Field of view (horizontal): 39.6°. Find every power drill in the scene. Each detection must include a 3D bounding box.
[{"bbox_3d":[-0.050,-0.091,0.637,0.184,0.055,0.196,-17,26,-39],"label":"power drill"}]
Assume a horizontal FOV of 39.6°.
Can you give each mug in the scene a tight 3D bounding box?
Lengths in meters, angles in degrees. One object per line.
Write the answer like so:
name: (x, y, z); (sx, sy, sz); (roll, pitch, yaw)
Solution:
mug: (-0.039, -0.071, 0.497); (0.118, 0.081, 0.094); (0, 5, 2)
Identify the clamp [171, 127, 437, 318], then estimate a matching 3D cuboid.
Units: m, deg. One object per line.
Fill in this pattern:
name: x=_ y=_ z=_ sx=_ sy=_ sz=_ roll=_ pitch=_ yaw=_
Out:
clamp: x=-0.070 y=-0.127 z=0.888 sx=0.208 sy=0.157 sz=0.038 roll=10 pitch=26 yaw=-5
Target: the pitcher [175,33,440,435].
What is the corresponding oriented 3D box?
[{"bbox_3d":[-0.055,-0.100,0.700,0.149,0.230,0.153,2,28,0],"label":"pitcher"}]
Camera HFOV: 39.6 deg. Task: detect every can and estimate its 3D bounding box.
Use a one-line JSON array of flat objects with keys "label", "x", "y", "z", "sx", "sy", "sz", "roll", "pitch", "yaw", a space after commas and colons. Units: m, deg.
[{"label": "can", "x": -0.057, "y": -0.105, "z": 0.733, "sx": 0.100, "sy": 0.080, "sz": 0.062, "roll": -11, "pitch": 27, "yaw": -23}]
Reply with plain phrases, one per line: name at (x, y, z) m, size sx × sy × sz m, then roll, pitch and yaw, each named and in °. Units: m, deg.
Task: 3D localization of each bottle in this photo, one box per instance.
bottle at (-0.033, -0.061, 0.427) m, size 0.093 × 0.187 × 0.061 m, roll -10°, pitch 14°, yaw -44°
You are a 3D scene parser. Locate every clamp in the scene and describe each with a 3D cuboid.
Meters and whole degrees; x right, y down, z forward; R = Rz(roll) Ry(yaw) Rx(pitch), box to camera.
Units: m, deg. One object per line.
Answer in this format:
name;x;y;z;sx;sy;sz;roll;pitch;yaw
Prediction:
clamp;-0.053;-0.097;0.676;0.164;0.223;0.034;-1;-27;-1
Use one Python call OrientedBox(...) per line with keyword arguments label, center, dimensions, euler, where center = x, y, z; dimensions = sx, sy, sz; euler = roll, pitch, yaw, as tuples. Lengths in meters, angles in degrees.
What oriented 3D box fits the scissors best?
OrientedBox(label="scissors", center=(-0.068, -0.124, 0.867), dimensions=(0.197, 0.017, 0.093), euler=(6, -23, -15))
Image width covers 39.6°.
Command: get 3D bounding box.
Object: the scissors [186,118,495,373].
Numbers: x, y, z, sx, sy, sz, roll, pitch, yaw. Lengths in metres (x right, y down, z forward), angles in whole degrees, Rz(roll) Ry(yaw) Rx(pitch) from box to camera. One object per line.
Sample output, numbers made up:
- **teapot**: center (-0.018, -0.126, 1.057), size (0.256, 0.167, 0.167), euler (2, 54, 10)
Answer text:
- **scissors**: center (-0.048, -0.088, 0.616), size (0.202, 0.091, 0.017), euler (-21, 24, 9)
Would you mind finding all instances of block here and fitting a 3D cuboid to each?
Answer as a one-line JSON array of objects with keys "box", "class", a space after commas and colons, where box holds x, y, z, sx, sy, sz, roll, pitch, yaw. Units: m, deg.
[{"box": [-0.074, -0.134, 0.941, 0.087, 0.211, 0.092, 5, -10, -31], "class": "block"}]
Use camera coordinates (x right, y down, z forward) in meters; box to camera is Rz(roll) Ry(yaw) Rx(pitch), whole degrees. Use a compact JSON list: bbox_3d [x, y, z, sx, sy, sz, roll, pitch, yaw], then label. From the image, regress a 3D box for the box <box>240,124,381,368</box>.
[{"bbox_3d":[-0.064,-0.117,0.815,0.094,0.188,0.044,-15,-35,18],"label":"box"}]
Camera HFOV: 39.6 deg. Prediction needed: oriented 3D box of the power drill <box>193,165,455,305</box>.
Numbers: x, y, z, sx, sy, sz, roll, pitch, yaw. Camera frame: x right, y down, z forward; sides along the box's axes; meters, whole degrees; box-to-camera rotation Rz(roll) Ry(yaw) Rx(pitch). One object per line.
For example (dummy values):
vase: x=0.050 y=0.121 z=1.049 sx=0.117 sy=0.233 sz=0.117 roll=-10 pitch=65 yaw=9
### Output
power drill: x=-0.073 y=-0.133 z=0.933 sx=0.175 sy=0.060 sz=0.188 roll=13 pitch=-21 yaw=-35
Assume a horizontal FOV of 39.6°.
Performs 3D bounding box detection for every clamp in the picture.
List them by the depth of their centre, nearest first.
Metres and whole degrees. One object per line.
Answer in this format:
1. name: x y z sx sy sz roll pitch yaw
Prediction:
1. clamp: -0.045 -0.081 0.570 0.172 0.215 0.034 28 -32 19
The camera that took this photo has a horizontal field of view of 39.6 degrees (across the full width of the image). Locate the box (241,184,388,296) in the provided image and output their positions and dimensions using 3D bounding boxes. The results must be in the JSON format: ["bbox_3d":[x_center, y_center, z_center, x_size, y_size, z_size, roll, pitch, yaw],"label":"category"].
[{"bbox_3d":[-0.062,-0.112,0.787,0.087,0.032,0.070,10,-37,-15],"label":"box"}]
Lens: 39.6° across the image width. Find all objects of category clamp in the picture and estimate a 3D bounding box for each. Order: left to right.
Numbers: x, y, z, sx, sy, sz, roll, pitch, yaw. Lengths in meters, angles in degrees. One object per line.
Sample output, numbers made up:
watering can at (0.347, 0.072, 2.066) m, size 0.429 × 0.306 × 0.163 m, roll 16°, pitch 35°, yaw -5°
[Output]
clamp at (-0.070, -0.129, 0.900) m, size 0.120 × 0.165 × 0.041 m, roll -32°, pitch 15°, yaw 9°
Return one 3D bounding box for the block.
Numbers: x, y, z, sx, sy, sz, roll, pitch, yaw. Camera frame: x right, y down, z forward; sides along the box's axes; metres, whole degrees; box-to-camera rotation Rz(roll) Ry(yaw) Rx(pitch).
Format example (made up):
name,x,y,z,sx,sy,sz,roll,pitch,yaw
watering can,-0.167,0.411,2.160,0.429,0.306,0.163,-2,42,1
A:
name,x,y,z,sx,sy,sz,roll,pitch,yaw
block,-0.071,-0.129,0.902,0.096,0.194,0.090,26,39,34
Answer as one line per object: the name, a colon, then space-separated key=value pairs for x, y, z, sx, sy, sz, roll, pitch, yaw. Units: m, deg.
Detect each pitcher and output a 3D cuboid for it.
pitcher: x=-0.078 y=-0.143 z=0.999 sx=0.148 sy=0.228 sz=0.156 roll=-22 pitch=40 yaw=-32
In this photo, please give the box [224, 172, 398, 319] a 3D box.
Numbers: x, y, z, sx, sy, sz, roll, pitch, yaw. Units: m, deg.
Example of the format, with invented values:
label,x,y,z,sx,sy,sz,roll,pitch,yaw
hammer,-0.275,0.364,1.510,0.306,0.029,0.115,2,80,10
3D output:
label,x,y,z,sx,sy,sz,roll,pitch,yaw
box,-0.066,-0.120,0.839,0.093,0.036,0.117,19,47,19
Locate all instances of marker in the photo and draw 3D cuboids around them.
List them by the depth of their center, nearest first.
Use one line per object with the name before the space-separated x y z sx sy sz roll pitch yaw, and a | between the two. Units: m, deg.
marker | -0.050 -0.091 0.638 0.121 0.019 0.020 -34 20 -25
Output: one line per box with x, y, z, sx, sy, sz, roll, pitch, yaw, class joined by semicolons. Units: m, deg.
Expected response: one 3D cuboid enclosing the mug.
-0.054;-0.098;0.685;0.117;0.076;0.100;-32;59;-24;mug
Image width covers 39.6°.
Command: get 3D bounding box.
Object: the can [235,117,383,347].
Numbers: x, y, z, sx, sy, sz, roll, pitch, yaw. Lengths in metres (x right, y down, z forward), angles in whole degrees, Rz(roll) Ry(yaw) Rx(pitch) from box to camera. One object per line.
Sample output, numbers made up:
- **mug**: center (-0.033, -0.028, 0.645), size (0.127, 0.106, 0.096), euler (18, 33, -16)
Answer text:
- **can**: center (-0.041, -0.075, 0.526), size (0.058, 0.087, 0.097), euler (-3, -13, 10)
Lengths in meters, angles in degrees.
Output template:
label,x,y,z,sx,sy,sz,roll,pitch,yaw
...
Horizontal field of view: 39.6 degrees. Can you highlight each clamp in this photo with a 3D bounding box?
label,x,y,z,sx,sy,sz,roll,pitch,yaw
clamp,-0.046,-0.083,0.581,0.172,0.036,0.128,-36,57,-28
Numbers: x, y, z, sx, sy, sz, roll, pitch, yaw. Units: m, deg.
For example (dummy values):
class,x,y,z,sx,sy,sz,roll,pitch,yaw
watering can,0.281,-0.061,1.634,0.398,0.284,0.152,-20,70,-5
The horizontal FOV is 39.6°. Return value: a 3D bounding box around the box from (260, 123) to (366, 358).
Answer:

* * * * *

# What you need to do
Having found the line with "The horizontal FOV", transcribe it and each line after it to the end of the entries, with no other lines.

# Your solution
The horizontal FOV is 39.6°. Return value: a 3D bounding box around the box from (260, 123) to (366, 358).
Answer:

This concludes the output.